It's the EFIS 360 which is the 'conservatory', surely (it's a 'glass' shed). The speedbrake is, rightly, for our c**k-ups not anyone else's - that's why it's the 'lever of shame'. Now, anyone going to recount the 'Coming over DODSI' story? |
Heard recently at PF on RT a midland F100 coming in to land of an evening, controller said BMA1536 just gonna turn the lights down a little for you, the BMA replied yes thank you turn the lights down make it all nice and romantic.
Classic! |
geneva tower
...once a female trainee wanted to say "line-up behind landing fokker", and she ended saying "line-up behind f**king lander"....
cheers |
BA ATP on short final with BA 737 at the holding point.....
Me: 'Speedbird XXX after the landing ATP line up runway 24' SpeedbirdXXX: 'After the landing Skoda line up 24' ATP: 'Whatdayamean, two screws are better than a blow job anyday' Spiney |
Here's one from long ago... maybe someone older than me can confirm or deny it..??

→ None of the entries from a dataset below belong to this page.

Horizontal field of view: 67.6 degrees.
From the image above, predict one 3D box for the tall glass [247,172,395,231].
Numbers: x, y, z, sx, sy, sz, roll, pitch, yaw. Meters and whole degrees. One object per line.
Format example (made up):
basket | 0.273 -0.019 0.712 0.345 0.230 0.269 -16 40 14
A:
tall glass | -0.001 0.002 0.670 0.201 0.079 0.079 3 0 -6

What we now know as LTCC (ex-LATCC) used to be the Southern Air Traffic Control Centre in a building on the north side of Heathrow. The name was written on the side in huge letters. At the time the Centre Superintendant was one Len Winter. Some work was going on requiring the temporary removal of the name letters.. and Len came to work one day to find 50 juggernauts queued up outside SATCC. Some wag on a night duty had put some of the letters back.. to read LEN'S CAFE! |
sheds
A/c told to "Line up after the landing Shed" Was [Gently] reminded,
"Sir, We are a Super" Shed we aim to please, it keeps the cleaners happy |
Heard on 126.65 just prior to an incident occuring.....

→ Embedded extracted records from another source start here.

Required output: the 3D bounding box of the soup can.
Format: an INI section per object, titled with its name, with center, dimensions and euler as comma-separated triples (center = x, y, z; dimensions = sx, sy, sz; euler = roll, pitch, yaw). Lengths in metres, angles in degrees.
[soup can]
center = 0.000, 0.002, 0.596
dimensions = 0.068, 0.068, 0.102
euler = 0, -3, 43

"Speedbird 123..can we route direct DCS?............. ATCO........"Speedbird 123 can you ask me an easier one...preferably one on sport????????" Looked good in the transcript!!!!!!!!:D |
You have to credit our American cousins with a quick wit. This is an oldy but definately a goldie -
us pilot: "London xxx, may we route direct Stabbs?" atc: "xxx roger, direct routing approved. Oh by the way it's Saint Abbs." .......... short but obviously thoughtful pause ......... us pilot: "London xxx we have a further request." atc: "xxx go ahead." us pilot: "After Saint Abbs may we route direct Saint Rumble?" What a beauty :D :D :D |
I've heard that an Indian Training Manual on the correct use of English RT uses the following as an example of poor RT:
Pilot (presumably American): "Stove pipe five in the slot, boots on and laced, ready to bounce and blow" Controller: "You got the nod to hit the sod" It amused me anyway. |
Thinks: I'll bet there are a fair few people reading this thread who are thinking...... I was involved in the REAL story, and that's not it!!!!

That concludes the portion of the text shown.